Dargan is the eldest in a large family of tenant farmers on the Earl of Portarlington‘s estate. He attends a local hedge school in Graiguecullen near Carlow, where he excels in mathematics and accounting. He subsequently works on his father’s 101-acre farm before securing a position in a surveyor’s office in Carlow. With the assistance of prominent local people, particularly John Alexander, a prominent Carlow miller, and Henry Parnell MP for County Laois, he begins working with the Scottish engineer Thomas Telford on the Holyhead side of the London-Holyhead road. He works there between 1819 and 1824.

In 1824 Telford asks Dargan to begin work on Howth Road, from Raheny to Sutton in Dublin. He earns the relatively large sum of £300 for his work on this road and this provides the capital for future public works investments. Henry Parnell describes the road as “a model for other roads in the vicinity of Dublin.” Around the same time Dargan contributes roads in Dublin, Carlow and Louth as a surveyor. He also serves as assistant manager for about three years on the Birmingham & Liverpool Junction Canal and the Middlewich Branch, which are two canals in the English midlands.

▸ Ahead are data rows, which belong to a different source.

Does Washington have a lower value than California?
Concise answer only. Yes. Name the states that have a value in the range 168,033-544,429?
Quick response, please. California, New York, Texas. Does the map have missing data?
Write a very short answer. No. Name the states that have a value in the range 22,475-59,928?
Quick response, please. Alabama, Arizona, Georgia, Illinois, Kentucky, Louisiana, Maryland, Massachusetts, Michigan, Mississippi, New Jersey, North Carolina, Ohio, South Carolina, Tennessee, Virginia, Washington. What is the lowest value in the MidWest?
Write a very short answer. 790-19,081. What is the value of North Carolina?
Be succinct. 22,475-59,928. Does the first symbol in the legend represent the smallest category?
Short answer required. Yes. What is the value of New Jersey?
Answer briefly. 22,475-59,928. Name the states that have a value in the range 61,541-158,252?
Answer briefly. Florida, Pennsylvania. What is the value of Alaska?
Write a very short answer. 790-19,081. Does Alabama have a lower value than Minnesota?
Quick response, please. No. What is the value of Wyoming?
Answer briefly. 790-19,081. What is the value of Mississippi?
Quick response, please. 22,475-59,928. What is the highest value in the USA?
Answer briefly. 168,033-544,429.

On October 13, 1828, Dargan marries Jane Arkinstall in the Anglican Church of St. Michael & All Angels, Adbaston, Staffordshire. He and Jane do not produce any offspring.

When Dargan comes back to Ireland, he is occupied by minor construction projects, including rebuilding the main street of Banbridge and the 13 kilometers long Kilbeggan branch of the Grand Canal. After Irish parliament decides to launch a plan for the very first railway, the Dublin & Kingstown Railway in 1825, he becomes increasingly invested in the project. To fight against the skepticism of any railway program in Ireland, he spends a considerable amount of unpaid time promoting this first railway of Ireland, working along with engineer Charles Vignoles to plan the route. After a persistent effort, the Dublin & Kingstown Railway is opened on December 17, 1834, with eight trains running in each direction.

Dargan next constructs the water communication between Lough Erne and Belfast, afterwards known as the Ulster Canal, a signal triumph of engineering and constructive ability.

Other great works follow – the Dublin and Drogheda Railway, the Great Southern and Western Railway and the Midland Great Western Railway. By 1853 Dargan has constructed over six hundred miles of railway, and he has contracts for two hundred more. He pays the highest wages with the greatest punctuality and his credit is unbounded. At one point he is the largest railway projector in Ireland and one of its greatest capitalists.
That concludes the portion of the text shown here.